L’eccezione che non fa eccezione

Soqquadro: l’unica parola italiana a contenere la doppia “q”. Un’eccezione all’interno della nostra bella lingua. Partendo, dunque, da questo vocabolo sui generis, è la storia di un’altra eccezione quella che Max Nardari ha voluto raccontarci nel suo secondo lungometraggio, La mia famiglia a soqquadro, appunto, ispirato al libro “Figli violati”, scritto da Renea Rocchino Nardari, madre del regista.
La storia di un’eccezione che, però, nell’ambito del panorama cinematografico attuale, non riesce di certo a “fare eccezione”, confondendosi, al contrario, nella miriade di commedie tutte uguali l’una all’altra che, pur raccontando di volta in volta la stessa storia, hanno la pretesa di proclamare per prime verità assolute, universali e “rivoluzionarie”. All’interno di un palinsesto che neanche un mese prima ha visto l’uscita di un lungometraggio come il già di per sé deludente Mamma o papà?, diretto da Riccardo Milani, dove già si è parlato del tema della separazione tra genitori, insieme a La verità, vi spiego, sull’amore, di Max Croci, in uscita  poche settimane dopo, poche speranze ha di distinguersi un prodotto trattante il medesimo tema. A meno che non si tratti, ovviamente, di un film come Una separazione di Asghar Farhadi, ma non è questo il caso.

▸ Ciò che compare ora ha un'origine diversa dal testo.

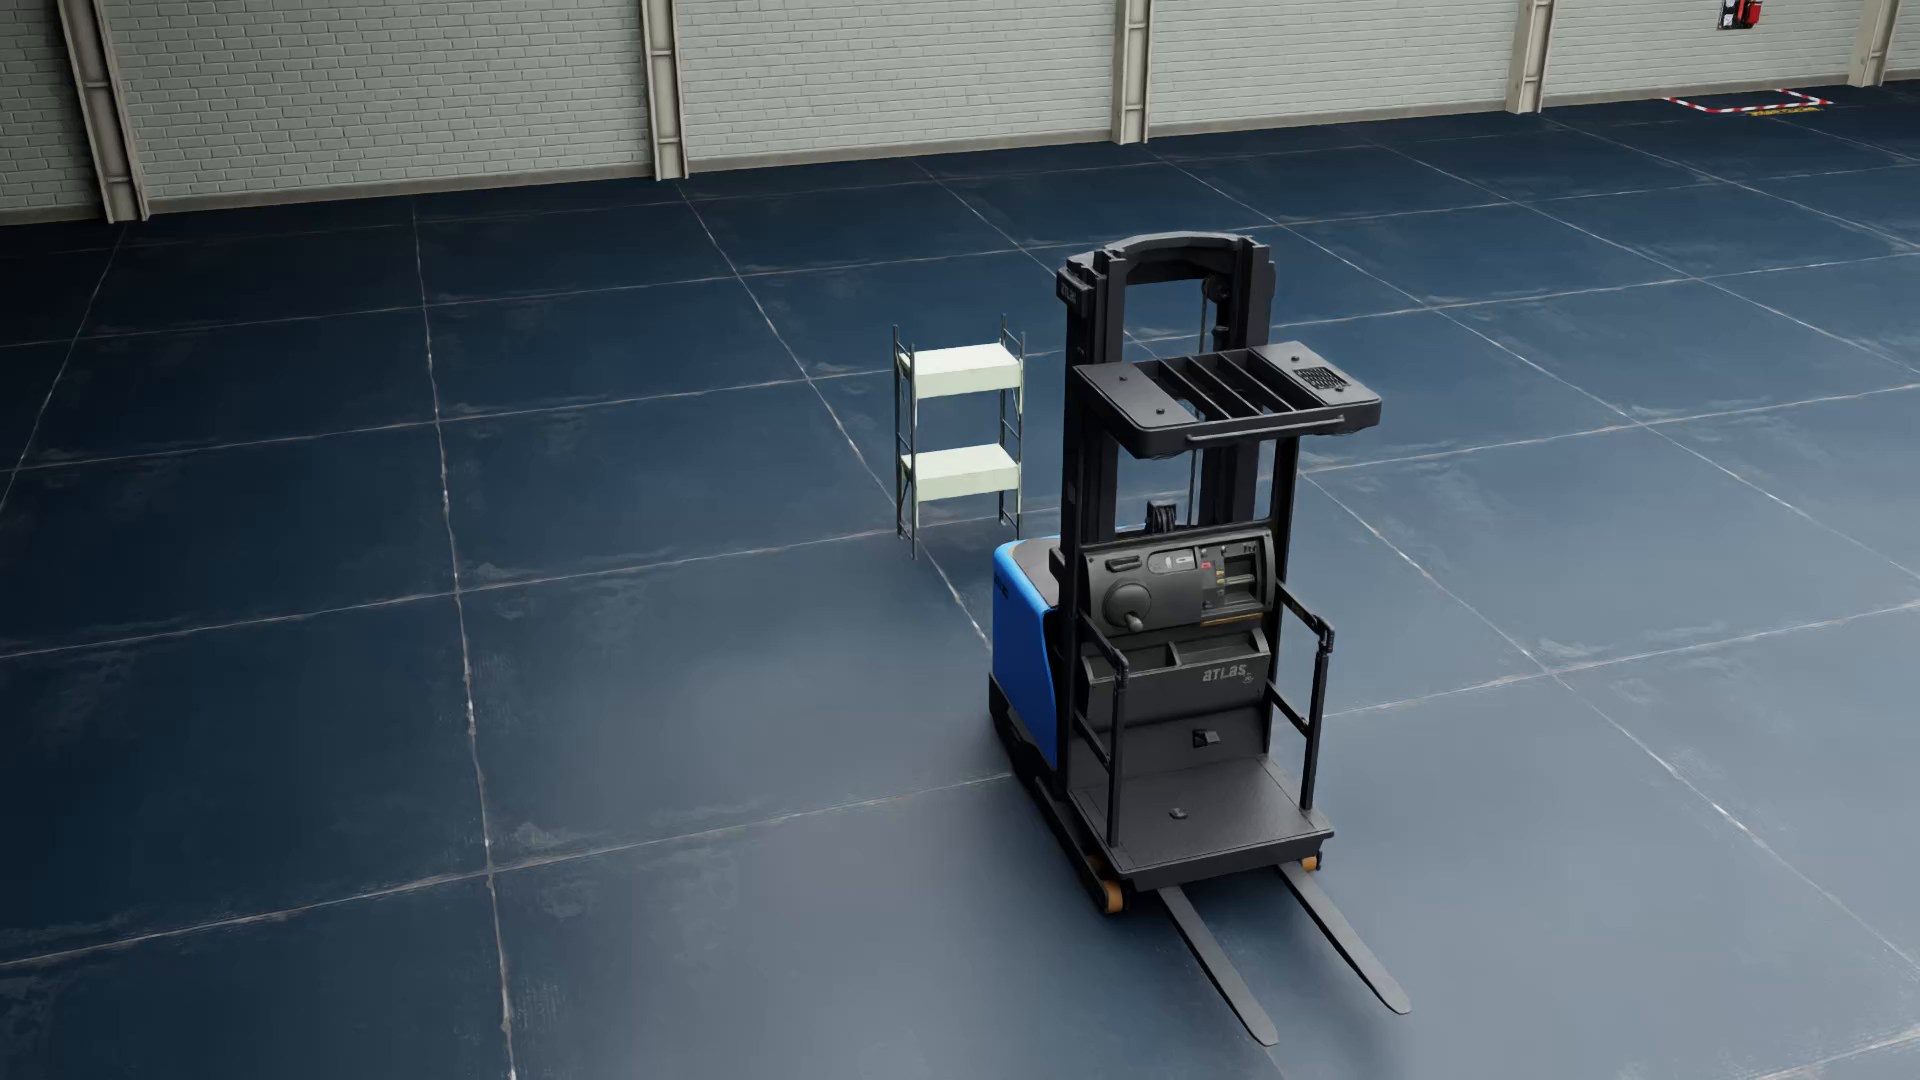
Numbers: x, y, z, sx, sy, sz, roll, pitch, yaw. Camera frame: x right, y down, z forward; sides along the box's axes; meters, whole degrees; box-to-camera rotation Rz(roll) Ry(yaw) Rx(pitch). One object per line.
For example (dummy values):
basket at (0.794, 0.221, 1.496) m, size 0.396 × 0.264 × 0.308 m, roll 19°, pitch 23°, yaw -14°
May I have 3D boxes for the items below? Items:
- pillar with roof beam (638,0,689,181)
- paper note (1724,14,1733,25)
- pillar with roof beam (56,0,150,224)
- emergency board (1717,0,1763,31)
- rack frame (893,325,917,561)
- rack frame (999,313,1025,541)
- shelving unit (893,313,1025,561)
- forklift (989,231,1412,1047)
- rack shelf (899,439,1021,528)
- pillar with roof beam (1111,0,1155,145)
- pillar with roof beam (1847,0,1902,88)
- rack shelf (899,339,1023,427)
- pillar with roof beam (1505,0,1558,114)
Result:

Anche se inizialmente, quindi, può farci simpatia Martino (interpretato dal giovane Gabriele Caprio) – figlio undicenne appartenente alla classica famiglia del Mulino Bianco, emarginato a scuola perché considerato “diverso”, in quanto unico ragazzino con i genitori ancora uniti, che, però, al fine di integrarsi, farà di tutto affinché il suo nucleo famigliare si spacchi in due – una volta entrati nel vivo della vicenda ed aver assistito alla presentazioni di personaggi e situazioni talmente stereotipati da sembrare addirittura irreali, ecco che, di punto in bianco, la storia inizia a perdere di ogni qualsivoglia interesse. Uno stereotipo dopo l’altro, una carrellata di luoghi comuni e buonismi di ogni genere, che culminano in un finale – che vede il giovane protagonista fare il suo discorso d’effetto, volto a chiarire qualsiasi equivoco e a riportare l’armonia in casa – ambientato, guarda caso, durante il periodo pre-natalizio. E chi più ne ha più ne metta.
Eppure, ripensando alle iniziali intenzioni dell’autore ed alla genesi del lungometraggio stesso, non si può non riconoscere una certa ingenuità ed anche una sorta di genuinità che manca, di fatto, alle sopra citate commedie – tutte nate da grandi produzioni. Il fatto di aver scelto di adattare per il grande schermo un libro scritto dalla propria madre e di averlo fatto con la propria casa di produzione, in realtà fa quasi tenerezza. Ed ecco che iniziamo a considerare La mia famiglia a soqquadro più come una specie di goliardata in famiglia che come un qualcosa che vuole definirsi a tutti i costi “il prodotto dell’anno”. E così iniziamo a “perdonare” tutti gli stereotipi presenti, gli attori eccessivamente sopra le righe, la disarmante prevedibilità della trama e via dicendo. Sul fatto che il lungometraggio di Nardari possa riuscire a fare o meno eccezione all’interno del palinsesto, però, vi sono ancora parecchie perplessità, per non dire addirittura scetticismi. Ma sta bene. Contenti loro, contenti tutti.